针对5G核心网协议的自动化漏洞挖掘方法

doi:10.11959/j.issn.2096-109x.2024006

摘要/Abstract

摘要：

随着5G在全球范围内的广泛商用，5G网络安全问题广泛受到关注。针对5G核心网协议的自动化漏洞挖掘手段主要以黑盒模糊测试为主，但由于5G核心网协议设计复杂，黑盒模糊测试存在效率低、通用性差、拓展性不足等问题，不能有效检测到 5G 核心网协议安全漏洞。针对上述问题，深入了解 5G 核心网架构和重点接口协议的工作原理，总结在5G核心网场景下基于静态分析的自动化漏洞挖掘方法相较传统黑盒模糊测试方法的优势。对5G核心网的开源解决方案进行了源代码审计，发现在 5G 核心网协议实现中一类变量生命周期管理不当而导致的内存泄露安全问题，可导致5G核心网网元被拒绝服务攻击。基于此，提出了针对此类安全问题的通用漏洞模型，设计并实现了基于控制流和数据流混合分析的自动化漏洞挖掘方法。通过实验对该方法进行了有效性测试和效率评估，成功挖掘到了通用 5G 开源解决方案——Open5GS 中的5个未公开安全漏洞，涵盖多个接口协议应用场景，获得了4个CVE 编号。通过模拟环境，验证了该系列漏洞的影响范围广且利用条件低，充分证明了所提自动化漏洞挖掘方法的有效性，并向相关厂商进行了披露。
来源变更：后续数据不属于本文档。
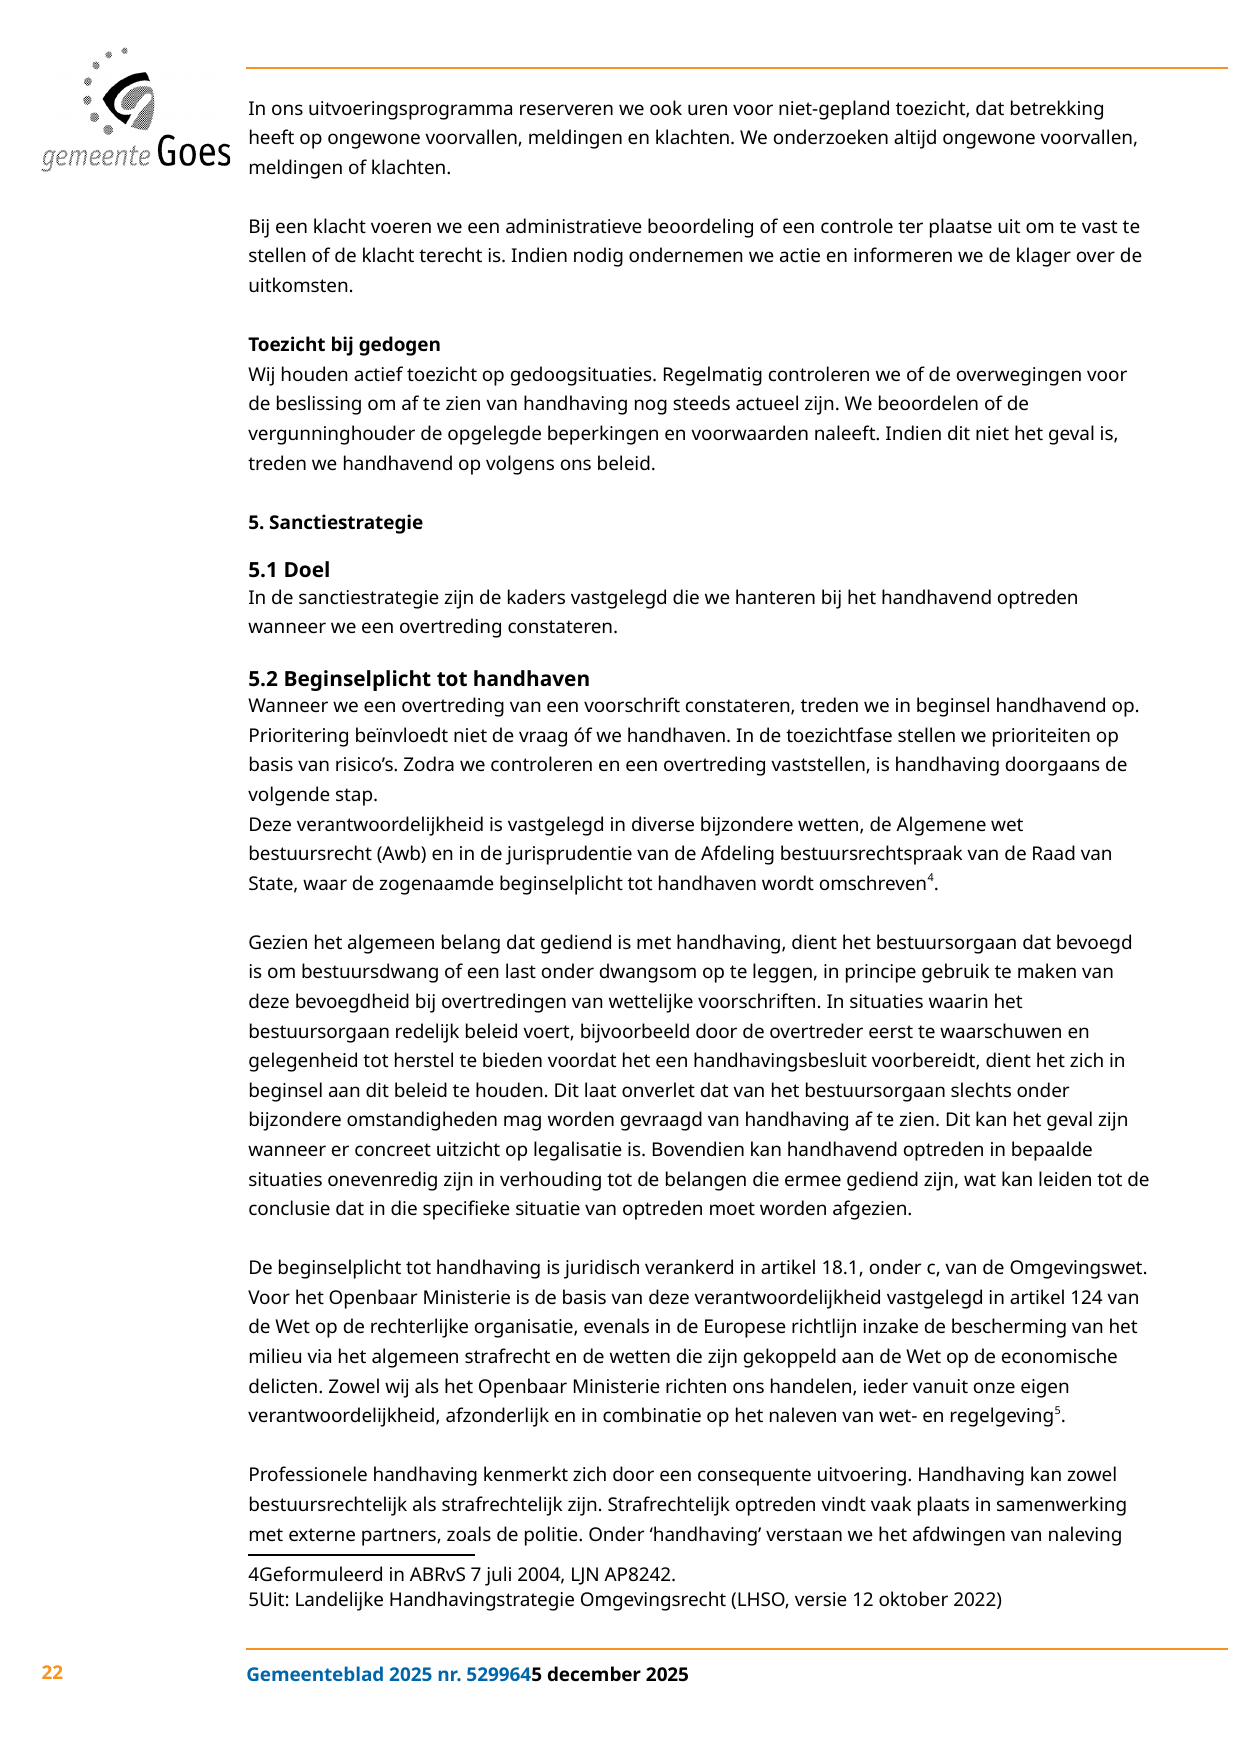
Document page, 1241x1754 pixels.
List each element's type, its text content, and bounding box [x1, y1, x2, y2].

text Geformuleerd in ABRvS 7 juli 2004, LJN AP8242. [248, 1561, 1152, 1586]
text Uit: Landelijke Handhavingstrategie Omgevingsrecht (LHSO, versie 12 oktober 2022) [248, 1586, 1152, 1612]
text De beginselplicht tot handhaving is juridisch verankerd in artikel 18.1, onder c, van de Omgevingswet. Voor het Openbaar Ministerie is de basis van deze verantwoordelijkheid vastgelegd in artikel 124 van de Wet op de rechterlijke organisatie, evenals in de Europese richtlijn inzake de bescherming van het milieu via het algemeen strafrecht en de wetten die zijn gekoppeld aan de Wet op de economische delicten. Zowel wij als het Openbaar Ministerie richten ons handelen, ieder vanuit onze eigen verantwoordelijkheid, afzonderlijk en in combinatie op het naleven van wet- en regelgeving. [248, 1254, 1152, 1428]
text Wij houden actief toezicht op gedoogsituaties. Regelmatig controleren we of de overwegingen voor de beslissing om af te zien van handhaving nog steeds actueel zijn. We beoordelen of de vergunninghouder de opgelegde beperkingen en voorwaarden naleeft. Indien dit niet het geval is, treden we handhavend op volgens ons beleid. [248, 361, 1152, 476]
text Wanneer we een overtreding van een voorschrift constateren, treden we in beginsel handhavend op. Prioritering beïnvloedt niet de vraag óf we handhaven. In de toezichtfase stellen we prioriteiten op basis van risico’s. Zodra we controleren en een overtreding vaststellen, is handhaving doorgaans de volgende stap. [248, 692, 1152, 807]
picture [41, 47, 231, 172]
text Deze verantwoordelijkheid is vastgelegd in diverse bijzondere wetten, de Algemene wet bestuursrecht (Awb) en in de jurisprudentie van de Afdeling bestuursrechtspraak van de Raad van State, waar de zogenaamde beginselplicht tot handhaven wordt omschreven. [248, 811, 1152, 896]
text In ons uitvoeringsprogramma reserveren we ook uren voor niet-gepland toezicht, dat betrekking heeft op ongewone voorvallen, meldingen en klachten. We onderzoeken altijd ongewone voorvallen, meldingen of klachten. [248, 95, 1152, 180]
text 5.1 Doel [248, 556, 1152, 584]
text 5. Sanctiestrategie [248, 509, 1152, 535]
text Toezicht bij gedogen [248, 331, 1152, 357]
text In de sanctiestrategie zijn de kaders vastgelegd die we hanteren bij het handhavend optreden wanneer we een overtreding constateren. [248, 584, 1152, 639]
text Bij een klacht voeren we een administratieve beoordeling of een controle ter plaatse uit om te vast te stellen of de klacht terecht is. Indien nodig ondernemen we actie en informeren we de klager over de uitkomsten. [248, 213, 1152, 298]
text 5.2 Beginselplicht tot handhaven [248, 664, 1152, 692]
text Professionele handhaving kenmerkt zich door een consequente uitvoering. Handhaving kan zowel bestuursrechtelijk als strafrechtelijk zijn. Strafrechtelijk optreden vindt vaak plaats in samenwerking met externe partners, zoals de politie. Onder ‘handhaving’ verstaan we het afdwingen van naleving [248, 1462, 1152, 1546]
text Gezien het algemeen belang dat gediend is met handhaving, dient het bestuursorgaan dat bevoegd is om bestuursdwang of een last onder dwangsom op te leggen, in principe gebruik te maken van deze bevoegdheid bij overtredingen van wettelijke voorschriften. In situaties waarin het bestuursorgaan redelijk beleid voert, bijvoorbeeld door de overtreder eerst te waarschuwen en gelegenheid tot herstel te bieden voordat het een handhavingsbesluit voorbereidt, dient het zich in beginsel aan dit beleid te houden. Dit laat onverlet dat van het bestuursorgaan slechts onder bijzondere omstandigheden mag worden gevraagd van handhaving af te zien. Dit kan het geval zijn wanneer er concreet uitzicht op legalisatie is. Bovendien kan handhavend optreden in bepaalde situaties onevenredig zijn in verhouding tot de belangen die ermee gediend zijn, wat kan leiden tot de conclusie dat in die specifieke situatie van optreden moet worden afgezien. [248, 929, 1152, 1221]

关键词: 5G核心网, 开源解决方案, 协议安全, 静态分析, 漏洞挖掘

Abstract:

With the widespread development of fifth-generation (5G) mobile communication technology, concerns regarding 5G network security have also increased.Blackbox fuzzing is a commonly used method for automated vulnerability discovery in software security.However, applying dynamic approaches like fuzzing to discover vulnerabilities in the complex design of 5G core network protocols poses challenges such as low efficiency, poor versatility, and lack of scalability.Therefore, a novel static method to examine the open-source solution of the 5G core network was proposed.Through this method, a series of memory leak security issues caused by improper variable life cycle management were identified, which can lead to denial-of-service attacks on the 5G core network.To summarize these weaknesses, a general vulnerability model and an automated vulnerability discovery method called HoI were presented, which utilized hybrid analysis based on control and data flow.By successfully discovering five zero-day bugs in Open5GS, an open-source solution for the 5G core network, vulnerabilities that cover practical application scenarios of multiple interface protocols in the 5G core network were identified.These vulnerabilities have wide-ranging impact, are highly detrimental, and can be easily exploited.They have been reported to the vendor and assigned four Common Vulnerabilities and Exposures (CVE) numbers, demonstrating the effectiveness of this automated vulnerability discovery method.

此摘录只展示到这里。